Every entry needs to be repeated exactly, with nothing left out.
☆ ☆ ☆ ☆ ☆
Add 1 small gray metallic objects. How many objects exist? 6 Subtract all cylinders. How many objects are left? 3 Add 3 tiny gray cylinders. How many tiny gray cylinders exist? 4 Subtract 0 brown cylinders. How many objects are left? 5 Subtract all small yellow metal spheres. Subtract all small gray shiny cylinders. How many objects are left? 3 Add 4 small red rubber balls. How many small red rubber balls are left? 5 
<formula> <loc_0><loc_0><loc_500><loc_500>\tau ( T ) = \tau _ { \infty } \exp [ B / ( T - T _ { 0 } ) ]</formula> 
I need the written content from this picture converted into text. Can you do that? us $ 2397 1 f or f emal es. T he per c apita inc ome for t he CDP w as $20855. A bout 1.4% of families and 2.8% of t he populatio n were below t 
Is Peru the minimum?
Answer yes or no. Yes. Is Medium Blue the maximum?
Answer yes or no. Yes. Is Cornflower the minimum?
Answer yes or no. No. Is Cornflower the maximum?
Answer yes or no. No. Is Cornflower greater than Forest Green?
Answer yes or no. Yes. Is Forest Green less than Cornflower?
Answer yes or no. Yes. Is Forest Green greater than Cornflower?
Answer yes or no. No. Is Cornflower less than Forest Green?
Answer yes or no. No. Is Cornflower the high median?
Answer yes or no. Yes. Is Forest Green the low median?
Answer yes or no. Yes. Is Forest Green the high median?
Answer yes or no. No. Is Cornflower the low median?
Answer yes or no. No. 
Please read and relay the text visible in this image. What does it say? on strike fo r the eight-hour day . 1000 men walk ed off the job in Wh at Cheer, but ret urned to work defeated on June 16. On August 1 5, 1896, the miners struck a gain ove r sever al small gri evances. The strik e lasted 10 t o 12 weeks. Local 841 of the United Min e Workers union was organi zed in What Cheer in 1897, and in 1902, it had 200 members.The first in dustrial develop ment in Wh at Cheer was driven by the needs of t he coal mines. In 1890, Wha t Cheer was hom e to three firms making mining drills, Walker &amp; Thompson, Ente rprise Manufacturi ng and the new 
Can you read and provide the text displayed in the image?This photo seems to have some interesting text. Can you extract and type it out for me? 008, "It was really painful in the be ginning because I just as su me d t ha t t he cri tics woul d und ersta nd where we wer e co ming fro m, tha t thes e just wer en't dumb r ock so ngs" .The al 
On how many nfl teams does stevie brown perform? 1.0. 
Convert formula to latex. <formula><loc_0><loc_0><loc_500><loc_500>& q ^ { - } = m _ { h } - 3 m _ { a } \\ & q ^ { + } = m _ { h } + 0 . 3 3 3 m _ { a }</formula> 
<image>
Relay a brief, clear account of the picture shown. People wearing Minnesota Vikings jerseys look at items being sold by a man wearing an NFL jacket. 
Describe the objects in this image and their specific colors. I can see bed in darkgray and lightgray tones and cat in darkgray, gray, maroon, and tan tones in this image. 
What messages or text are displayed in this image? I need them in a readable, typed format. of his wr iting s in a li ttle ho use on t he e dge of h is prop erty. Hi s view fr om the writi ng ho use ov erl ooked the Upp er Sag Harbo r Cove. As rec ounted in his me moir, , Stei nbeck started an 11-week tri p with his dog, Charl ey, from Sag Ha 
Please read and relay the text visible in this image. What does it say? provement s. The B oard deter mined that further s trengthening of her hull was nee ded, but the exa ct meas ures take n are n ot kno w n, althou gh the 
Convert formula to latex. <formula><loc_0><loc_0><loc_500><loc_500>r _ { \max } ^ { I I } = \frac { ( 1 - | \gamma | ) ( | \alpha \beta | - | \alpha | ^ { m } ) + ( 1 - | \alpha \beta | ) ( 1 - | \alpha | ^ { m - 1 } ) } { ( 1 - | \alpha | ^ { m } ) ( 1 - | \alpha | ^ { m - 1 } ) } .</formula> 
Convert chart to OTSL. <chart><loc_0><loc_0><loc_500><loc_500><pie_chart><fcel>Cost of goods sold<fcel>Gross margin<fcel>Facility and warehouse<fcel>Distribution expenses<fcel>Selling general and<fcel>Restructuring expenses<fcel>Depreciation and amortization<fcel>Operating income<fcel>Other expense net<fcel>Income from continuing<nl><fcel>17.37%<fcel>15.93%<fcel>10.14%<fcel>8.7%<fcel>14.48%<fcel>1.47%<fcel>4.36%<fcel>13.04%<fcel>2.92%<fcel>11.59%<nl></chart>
☆ ☆ ☆ ☆ ☆
§ TASK ANSWER:
Add 1 small gray metallic objects. How many objects exist? 6 Subtract all cylinders. How many objects are left? 3 Add 3 tiny gray cylinders. How many tiny gray cylinders exist? 4 Subtract 0 brown cylinders. How many objects are left? 5 Subtract all small yellow metal spheres. Subtract all small gray shiny cylinders. How many objects are left? 3 Add 4 small red rubber balls. How many small red rubber balls are left? 5 
<formula> <loc_0><loc_0><loc_500><loc_500>\tau ( T ) = \tau _ { \infty } \exp [ B / ( T - T _ { 0 } ) ]</formula> 
I need the written content from this picture converted into text. Can you do that? us $ 2397 1 f or f emal es. T he per c apita inc ome for t he CDP w as $20855. A bout 1.4% of families and 2.8% of t he populatio n were below t 
Is Peru the minimum?
Answer yes or no. Yes. Is Medium Blue the maximum?
Answer yes or no. Yes. Is Cornflower the minimum?
Answer yes or no. No. Is Cornflower the maximum?
Answer yes or no. No. Is Cornflower greater than Forest Green?
Answer yes or no. Yes. Is Forest Green less than Cornflower?
Answer yes or no. Yes. Is Forest Green greater than Cornflower?
Answer yes or no. No. Is Cornflower less than Forest Green?
Answer yes or no. No. Is Cornflower the high median?
Answer yes or no. Yes. Is Forest Green the low median?
Answer yes or no. Yes. Is Forest Green the high median?
Answer yes or no. No. Is Cornflower the low median?
Answer yes or no. No. 
Please read and relay the text visible in this image. What does it say? on strike fo r the eight-hour day . 1000 men walk ed off the job in Wh at Cheer, but ret urned to work defeated on June 16. On August 1 5, 1896, the miners struck a gain ove r sever al small gri evances. The strik e lasted 10 t o 12 weeks. Local 841 of the United Min e Workers union was organi zed in What Cheer in 1897, and in 1902, it had 200 members.The first in dustrial develop ment in Wh at Cheer was driven by the needs of t he coal mines. In 1890, Wha t Cheer was hom e to three firms making mining drills, Walker &amp; Thompson, Ente rprise Manufacturi ng and the new 
Can you read and provide the text displayed in the image?This photo seems to have some interesting text. Can you extract and type it out for me? 008, "It was really painful in the be ginning because I just as su me d t ha t t he cri tics woul d und ersta nd where we wer e co ming fro m, tha t thes e just wer en't dumb r ock so ngs" .The al 
On how many nfl teams does stevie brown perform? 1.0. 
Convert formula to latex. <formula><loc_0><loc_0><loc_500><loc_500>& q ^ { - } = m _ { h } - 3 m _ { a } \\ & q ^ { + } = m _ { h } + 0 . 3 3 3 m _ { a }</formula> 
<image>
Relay a brief, clear account of the picture shown. People wearing Minnesota Vikings jerseys look at items being sold by a man wearing an NFL jacket. 
Describe the objects in this image and their specific colors. I can see bed in darkgray and lightgray tones and cat in darkgray, gray, maroon, and tan tones in this image. 
What messages or text are displayed in this image? I need them in a readable, typed format. of his wr iting s in a li ttle ho use on t he e dge of h is prop erty. Hi s view fr om the writi ng ho use ov erl ooked the Upp er Sag Harbo r Cove. As rec ounted in his me moir, , Stei nbeck started an 11-week tri p with his dog, Charl ey, from Sag Ha 
Please read and relay the text visible in this image. What does it say? provement s. The B oard deter mined that further s trengthening of her hull was nee ded, but the exa ct meas ures take n are n ot kno w n, althou gh the 
Convert formula to latex. <formula><loc_0><loc_0><loc_500><loc_500>r _ { \max } ^ { I I } = \frac { ( 1 - | \gamma | ) ( | \alpha \beta | - | \alpha | ^ { m } ) + ( 1 - | \alpha \beta | ) ( 1 - | \alpha | ^ { m - 1 } ) } { ( 1 - | \alpha | ^ { m } ) ( 1 - | \alpha | ^ { m - 1 } ) } .</formula> 
Convert chart to OTSL. <chart><loc_0><loc_0><loc_500><loc_500><pie_chart><fcel>Cost of goods sold<fcel>Gross margin<fcel>Facility and warehouse<fcel>Distribution expenses<fcel>Selling general and<fcel>Restructuring expenses<fcel>Depreciation and amortization<fcel>Operating income<fcel>Other expense net<fcel>Income from continuing<nl><fcel>17.37%<fcel>15.93%<fcel>10.14%<fcel>8.7%<fcel>14.48%<fcel>1.47%<fcel>4.36%<fcel>13.04%<fcel>2.92%<fcel>11.59%<nl></chart>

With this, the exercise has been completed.